Smith v. Smith, 194 S.C. 247, 9 S.E.2d 584, 589-90 (1940); see also Commonwealth v. Gregory, 132 Pa.Super. 507, 1 A.2d 501, 505 (1938) (tricking patient to consent to medical examination was fraud on the will of the victim equivalent to force); Carr v. State, 135 Ind. 1, 34 N.E. 533, 534 (1893) (inducing victim to take explosives by misrepresenting their dangerousness is battery as defendant sets in motion that which causes injury); Commonwealth v. Stratton, 114 Mass. 303, 305-06 (1873) (same). We see no reason to think Illinois would treat the matter differently.

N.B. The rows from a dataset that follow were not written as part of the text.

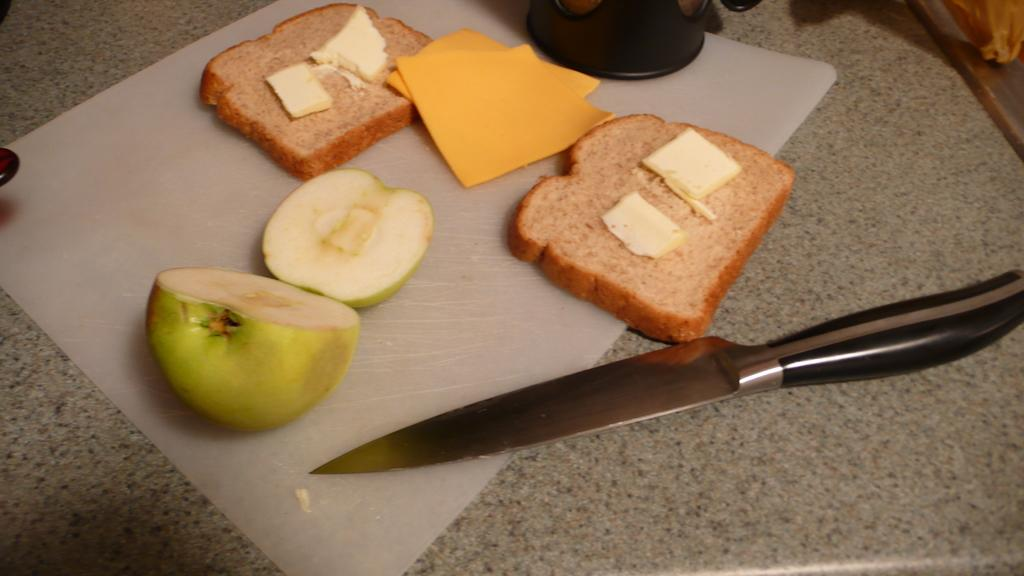What type of utensil is present in the image? There is a knife in the image. What type of food can be seen in the image? There is bread and an apple in the image. Can you describe any other objects present in the image? There are other objects in the image, but their specific details are not mentioned in the provided facts. What type of cook is visible in the image? There is no cook present in the image. What type of trains can be seen in the image? There are no trains present in the image. 
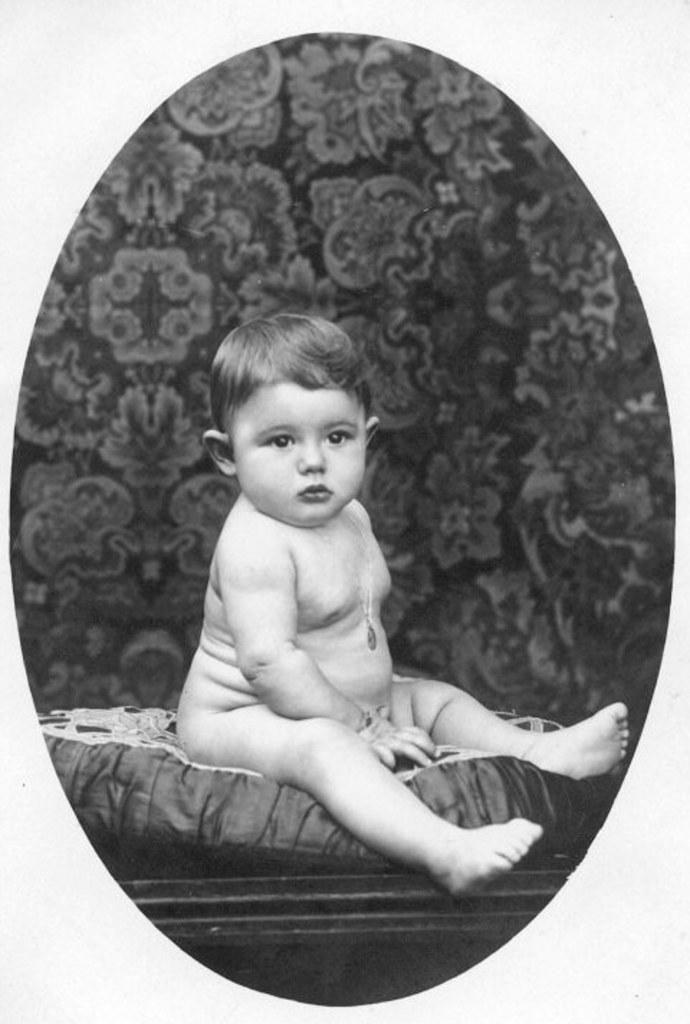What is the main subject of the image? There is a small baby in the image. What color scheme is used in the image? The image is black and white. How many things can be seen flying with a range of 500 miles in the image? There are no things flying with a range of 500 miles in the image, as it only features a small baby. 
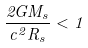<formula> <loc_0><loc_0><loc_500><loc_500>\frac { 2 G M _ { s } } { c ^ { 2 } R _ { s } } < 1</formula> 
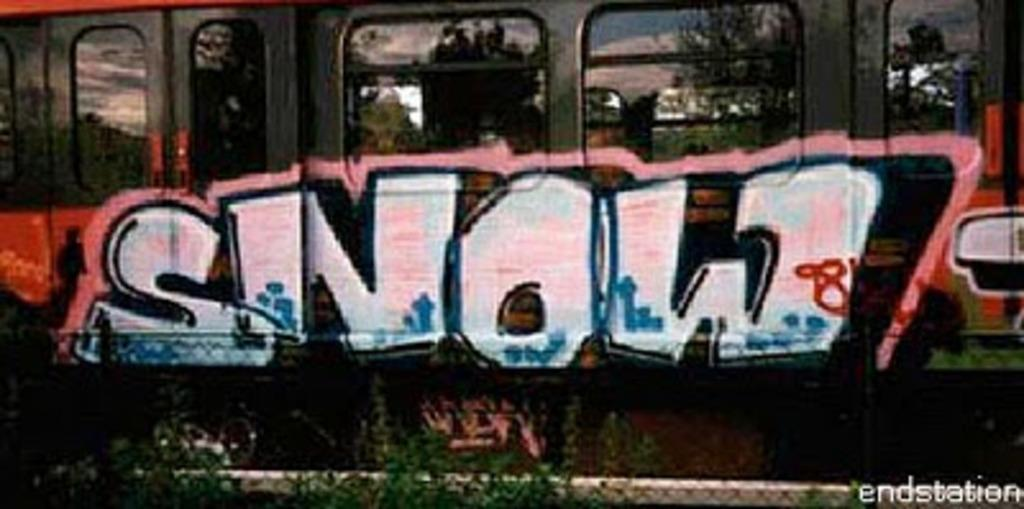<image>
Summarize the visual content of the image. Graffiti on a train that says the word "snow". 
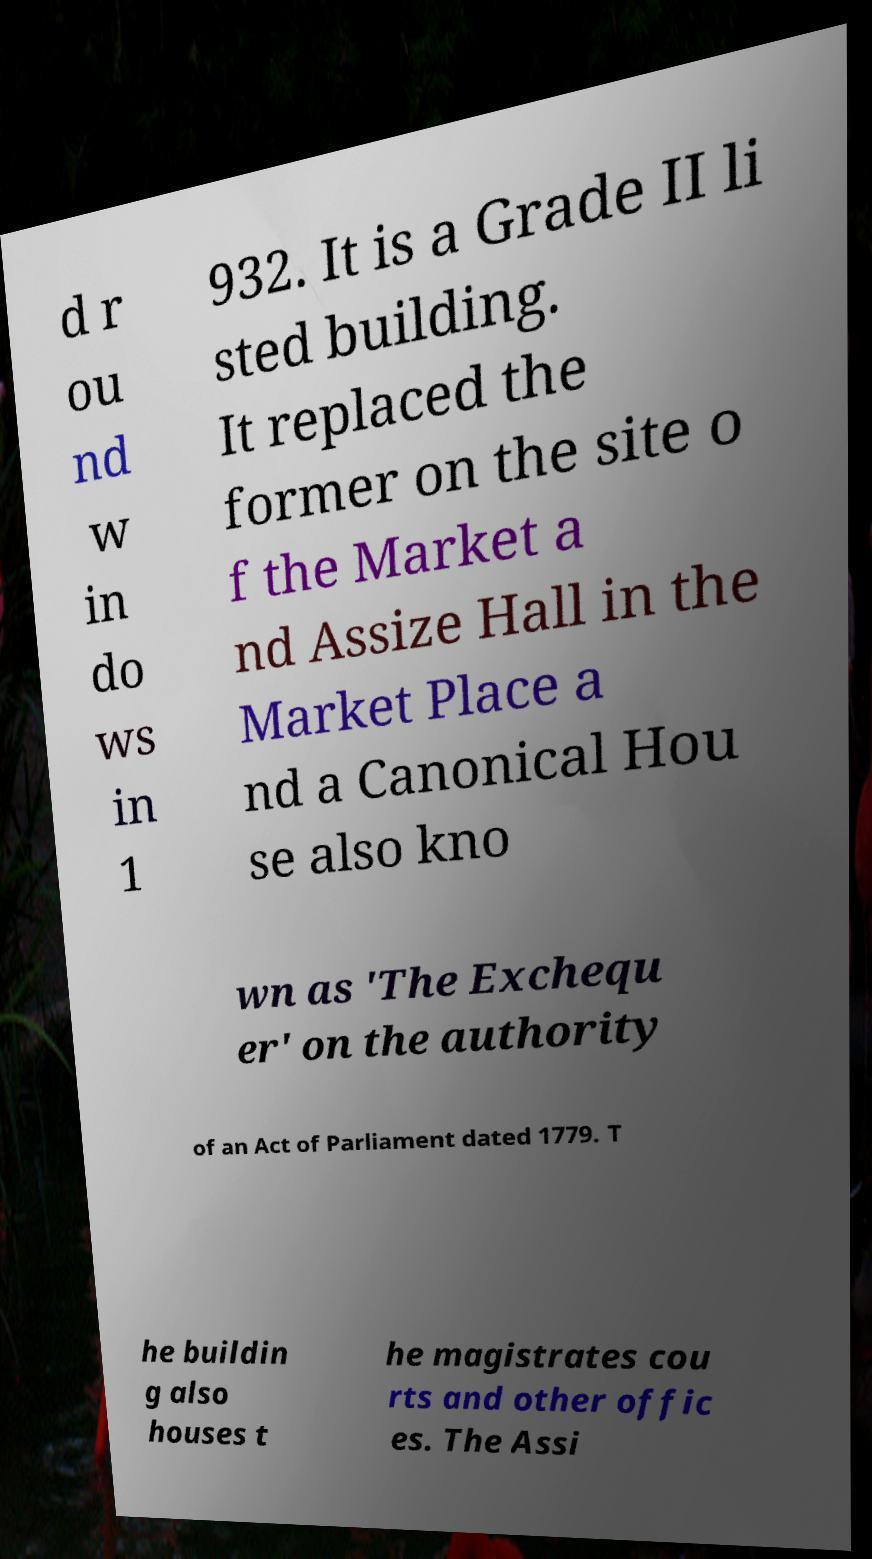For documentation purposes, I need the text within this image transcribed. Could you provide that? d r ou nd w in do ws in 1 932. It is a Grade II li sted building. It replaced the former on the site o f the Market a nd Assize Hall in the Market Place a nd a Canonical Hou se also kno wn as 'The Exchequ er' on the authority of an Act of Parliament dated 1779. T he buildin g also houses t he magistrates cou rts and other offic es. The Assi 
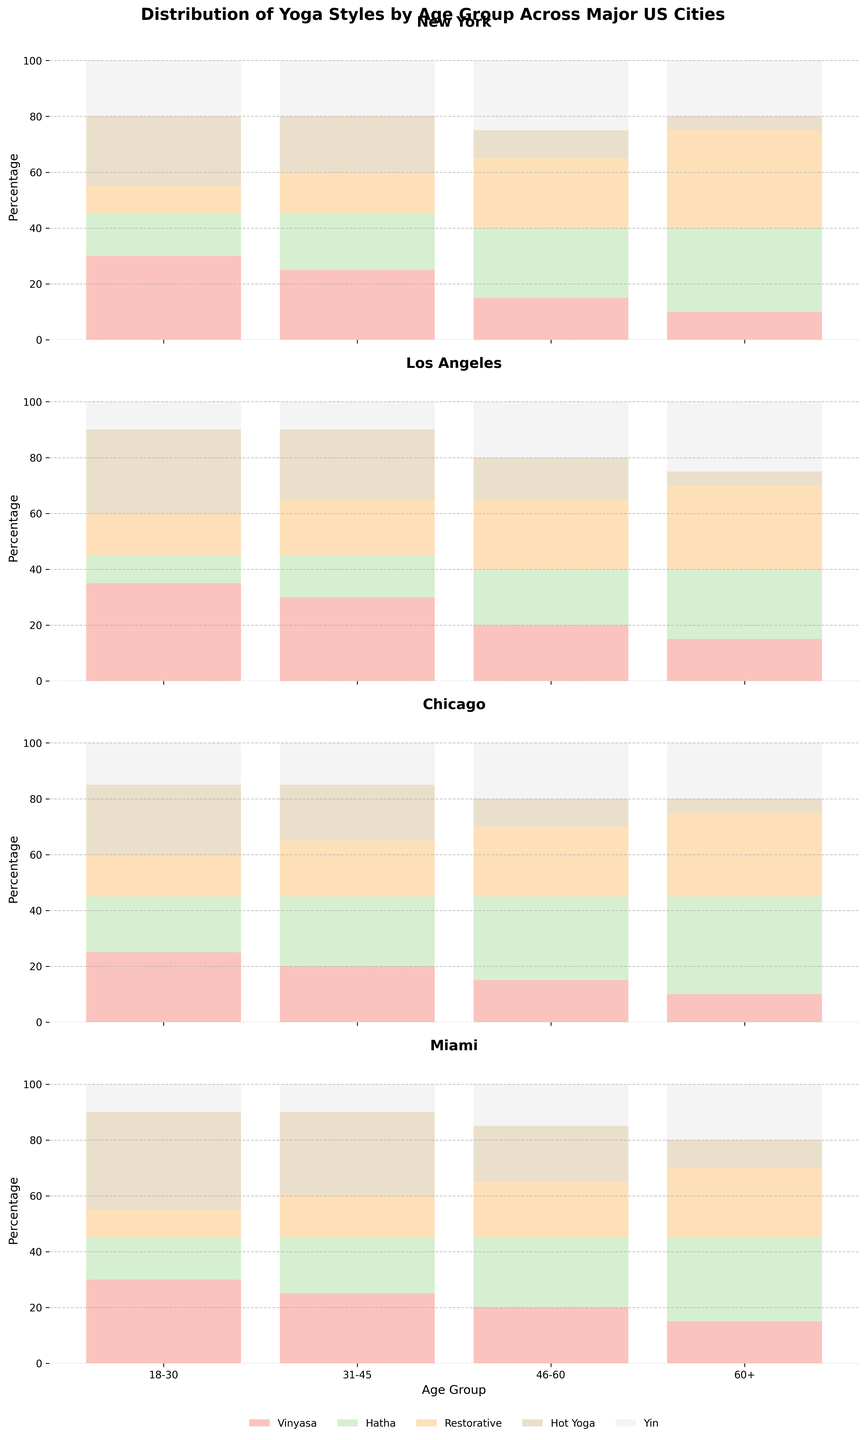What is the title of the figure? The title is usually displayed at the top center of the figure in larger bold font. In this case, it reads 'Distribution of Yoga Styles by Age Group Across Major US Cities'
Answer: Distribution of Yoga Styles by Age Group Across Major US Cities Which city has the highest percentage of 'Hot Yoga' practitioners in the age group 18-30? For each city, I need to identify the bar segment labeled 'Hot Yoga' within the 18-30 age group. From visual inspection, New York has 25%, Los Angeles 30%, Chicago 25%, and Miami 35%. The highest percentage is in Miami
Answer: Miami How does the percentage of 'Restorative Yoga' practitioners in New York compare between the age groups 31-45 and 46-60? For New York, I look at the bar segments for 'Restorative Yoga' in the 31-45 age group (15%) and the 46-60 age group (25%). Comparing these, there are more practitioners in the 46-60 age group
Answer: The percentage is higher in the 46-60 age group Which age group in Chicago shows the highest preference for 'Hatha Yoga'? For each age group in Chicago, I identify the bar segment labeled 'Hatha Yoga'. The percentages are 20% for 18-30, 25% for 31-45, 30% for 46-60, and 35% for 60+. The highest percentage is for the 60+ age group
Answer: 60+ What is the combined percentage of 'Vinyasa Yoga' practitioners in Los Angeles across all age groups? I need to sum the 'Vinyasa' percentages across all age groups in Los Angeles: 35% (18-30) + 30% (31-45) + 20% (46-60) + 15% (60+). Combining these gives a total of 100%
Answer: 100% Which yoga style shows a consistent increase in preference with age in Miami? For each age group in Miami, I look at the percentages for each yoga style and check for consistent increase. 'Hatha Yoga' starts at 15% for 18-30, then 20% for 31-45, 25% for 46-60, and 30% for 60+, indicating a consistent increase
Answer: Hatha Yoga What stands out about the age group 60+ in New York in terms of 'Restorative Yoga'? Observing the figure, the age group 60+ in New York has a standout percentage of 35% for 'Restorative Yoga', which is noticeably higher than other styles within the same age group. This indicates a strong preference for this style among older practitioners
Answer: High preference for Restorative Yoga Which city has the largest total percentage of 'Yin Yoga' practitioners for the age group 31-45? I need to identify the bar segment for 'Yin Yoga' within the 31-45 age group in each city and compare them. New York has 20%, Los Angeles 10%, Chicago 15%, and Miami 10%. New York has the largest total percentage
Answer: New York 
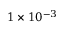Convert formula to latex. <formula><loc_0><loc_0><loc_500><loc_500>1 \times 1 0 ^ { - 3 }</formula> 
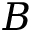<formula> <loc_0><loc_0><loc_500><loc_500>B</formula> 
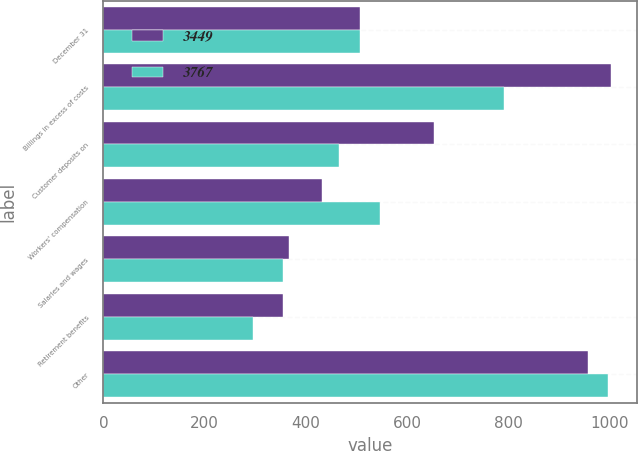<chart> <loc_0><loc_0><loc_500><loc_500><stacked_bar_chart><ecel><fcel>December 31<fcel>Billings in excess of costs<fcel>Customer deposits on<fcel>Workers' compensation<fcel>Salaries and wages<fcel>Retirement benefits<fcel>Other<nl><fcel>3449<fcel>506<fcel>1003<fcel>653<fcel>432<fcel>367<fcel>355<fcel>957<nl><fcel>3767<fcel>506<fcel>791<fcel>465<fcel>547<fcel>355<fcel>295<fcel>996<nl></chart>

Accordingly, Johnson does not call into question our earlier decisions in LaGuerre [v. Mukasey, 526 F.3d 1037 (7th Cir.2008)] and [United States v.] Upton [512 F.3d 394 (7th Cir.2008) ], and we follow them here. De Leon’s conviction of domestic battery for causing bodily harm to his wife is a crime of violence, and he is therefore ineligible for cancellation of removal. The petition for review is DENIED.

. "Given the similarity between the ACCA's definition of "violent felony” and the definition of "crime of violence” contained in the pertinent Guidelines provision, courts, including this one, have taken the position that authority interpreting one phrase is generally persuasive when interpreting the other.” United States v. Vanhook, 640 F.3d 706, 712 n. 4 (6th Cir.2011).